For the loop in the testcase we currently fail to hoist the guard
check of the inner loop (m > 0) out of the outer loop because
find_loop_guard checks all blocks of the outer loop for side-effects,
including those that are skipped by the guard. This usually
is harmless as the guard does not skip any blocks in the outer loop
but in this case store-motion was applied to the inner loop and thus
there's now a skipped store in the outer loop.

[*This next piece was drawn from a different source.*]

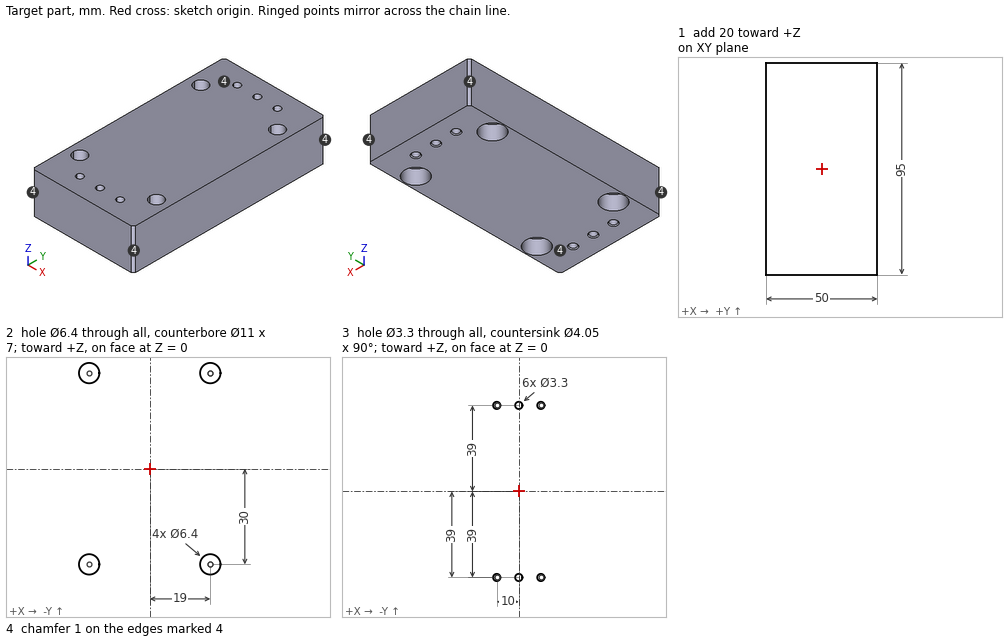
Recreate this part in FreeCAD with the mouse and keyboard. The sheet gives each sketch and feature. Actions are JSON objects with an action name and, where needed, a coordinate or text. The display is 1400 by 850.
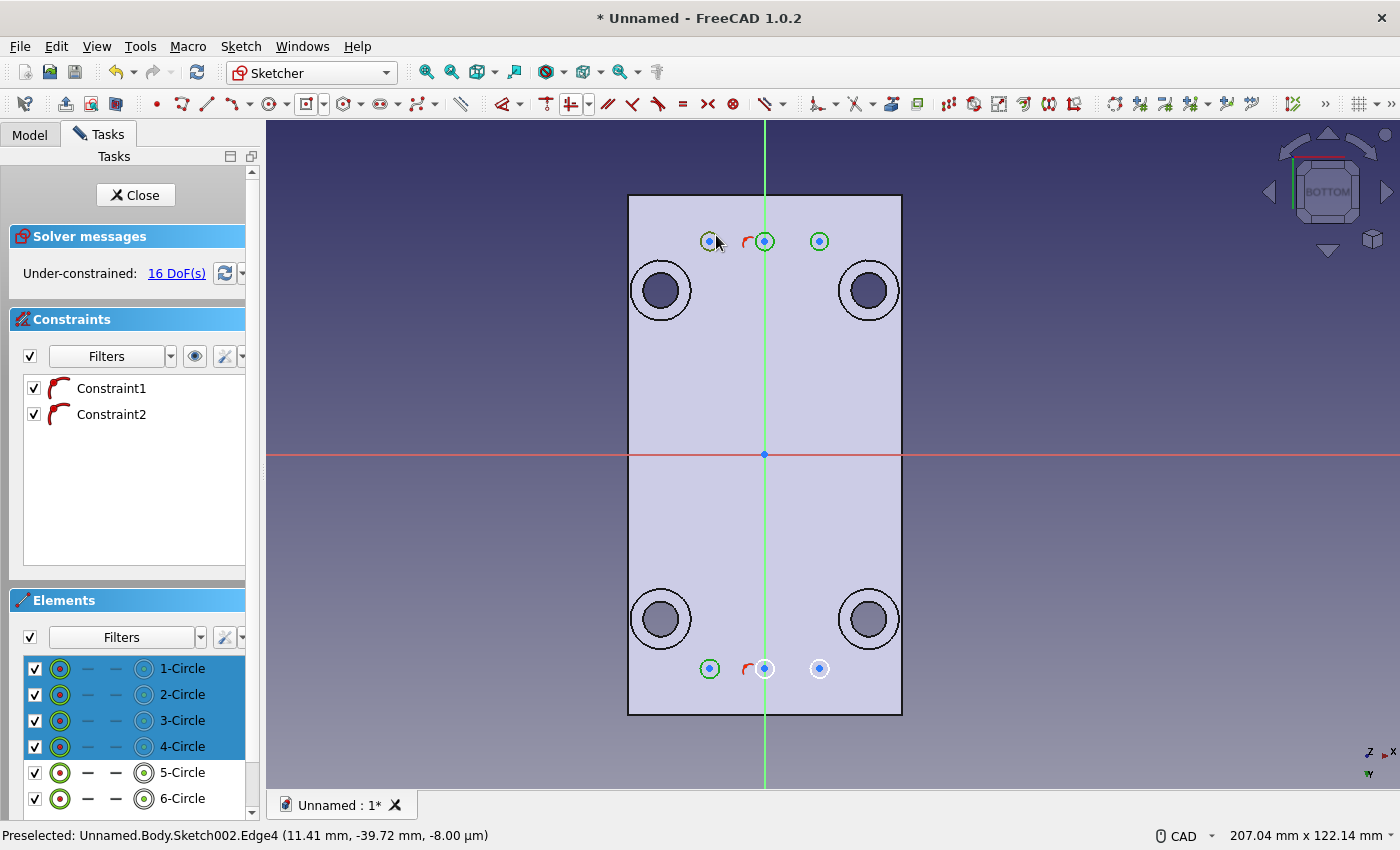
{"action": "scroll", "coordinate": [826, 662], "scroll_direction": "up", "scroll_amount": 3}
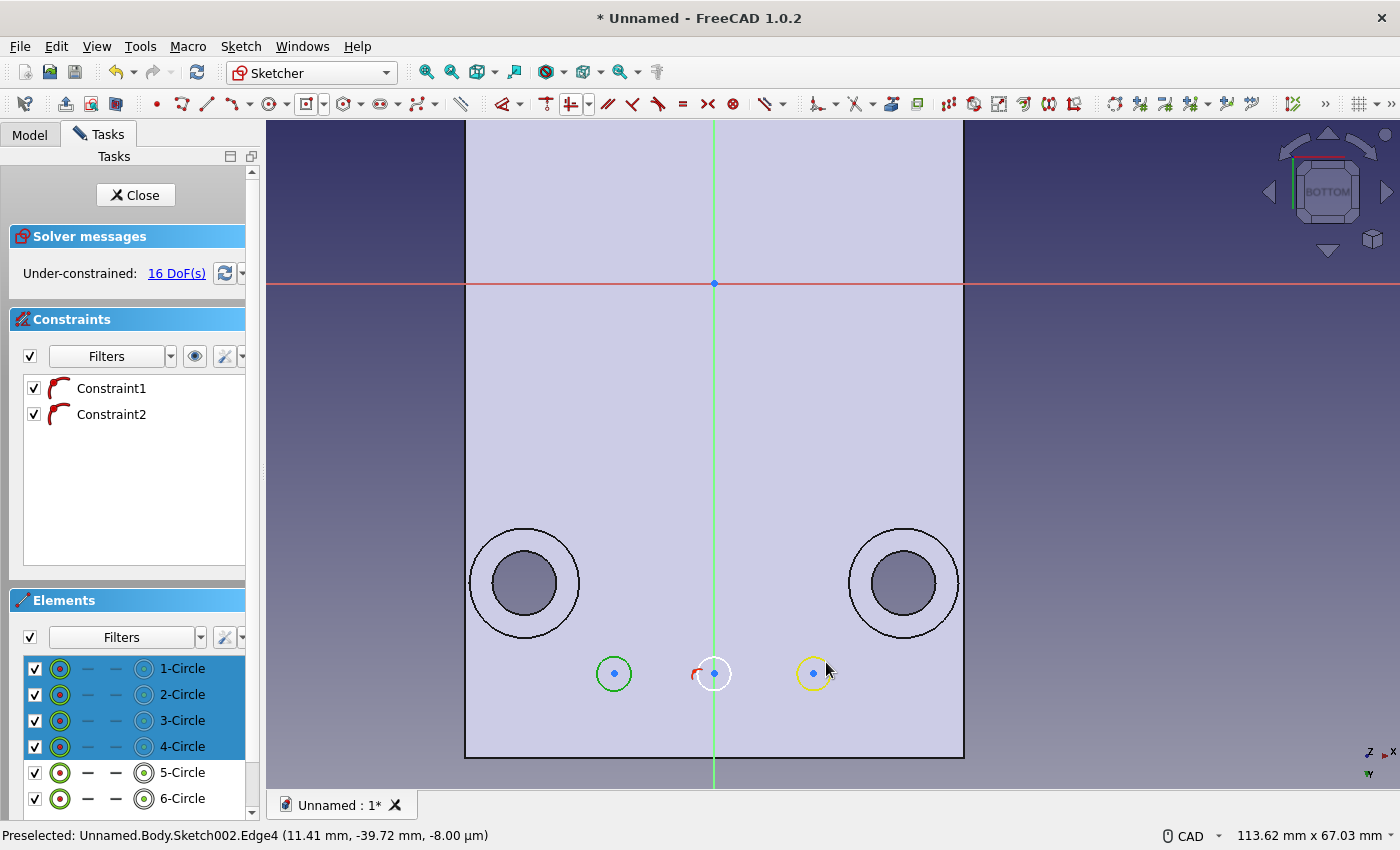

The following properly skips blocks that are dominated by the
entry to the skipped region.
PR tree-optimization/117510
* tree-ssa-loop-unswitch.cc (find_loop_guard): Only check
not skipped blocks for side-effects.
* gcc.dg/vect/vect-outer-pr117510.c: New testcase.
--- /dev/null
+/* { dg-do compile } */
+/* { dg-require-effective-target vect_double } */
+/* { dg-additional-options "-O3" } */
+
+void f(int n, int m, double *a)
+{
+ a = __builtin_assume_aligned (a, __BIGGEST_ALIGNMENT__);
+ for (int i = 0; i < n; i++)
+ for (int j = 0; j < m; j++)
+ a[i] += 2*a[i] + j;
+}
+
+/* { dg-final { scan-tree-dump "OUTER LOOP VECTORIZED" "vect" } } */
guard_edge = NULL;
goto end;
}
- if (!empty_bb_without_guard_p (loop, bb, dbg_to_reset))
+ /* If any of the not skipped blocks has side-effects or defs with
+ uses outside of the loop we cannot hoist the guard. */
+ if (!dominated_by_p (CDI_DOMINATORS,
+ bb, guard_edge == te ? fe->dest : te->dest)
+ && !empty_bb_without_guard_p (loop, bb, dbg_to_reset))
{
if (dump_enabled_p ())
dump_printf_loc (MSG_MISSED_OPTIMIZATION, loc,